■ **WHAT TO WORK ON**
The answer should consist of the records below, repeated exactly, and no pictures.

((

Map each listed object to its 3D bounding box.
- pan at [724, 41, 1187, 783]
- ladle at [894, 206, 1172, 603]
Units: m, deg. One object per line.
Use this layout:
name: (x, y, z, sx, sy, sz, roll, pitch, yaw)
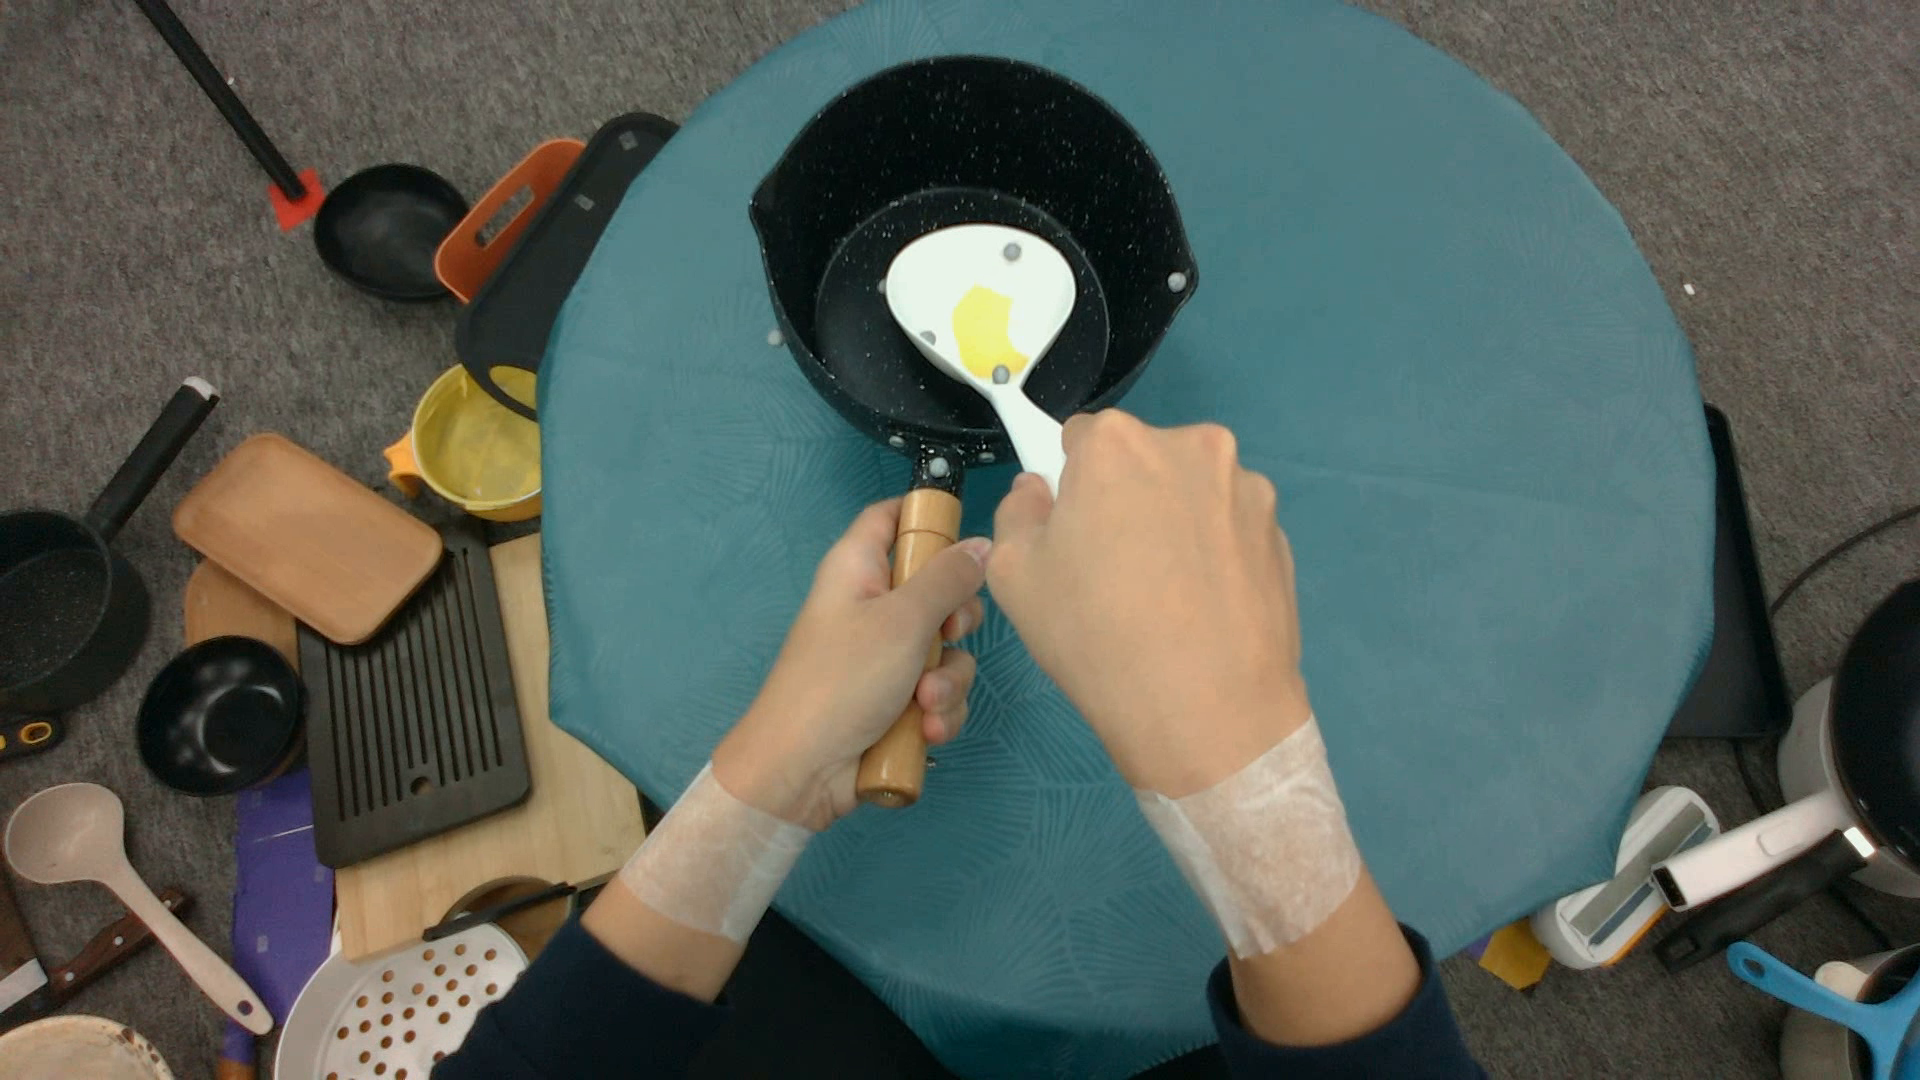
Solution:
pan: (-0.012, -0.057, 0.608, 0.207, 0.108, 0.344, 8, 70, -3)
ladle: (0.030, -0.071, 0.553, 0.090, 0.294, 0.069, 3, 113, -11)

))

■ **WRITTEN SOLUTION**
Map each listed object to its 3D bounding box.
- pan at [724, 41, 1187, 783]
- ladle at [894, 206, 1172, 603]
Units: m, deg. One object per line.
Use this layout:
name: (x, y, z, sx, sy, sz, roll, pitch, yaw)
Solution:
pan: (-0.012, -0.057, 0.608, 0.207, 0.108, 0.344, 8, 70, -3)
ladle: (0.030, -0.071, 0.553, 0.090, 0.294, 0.069, 3, 113, -11)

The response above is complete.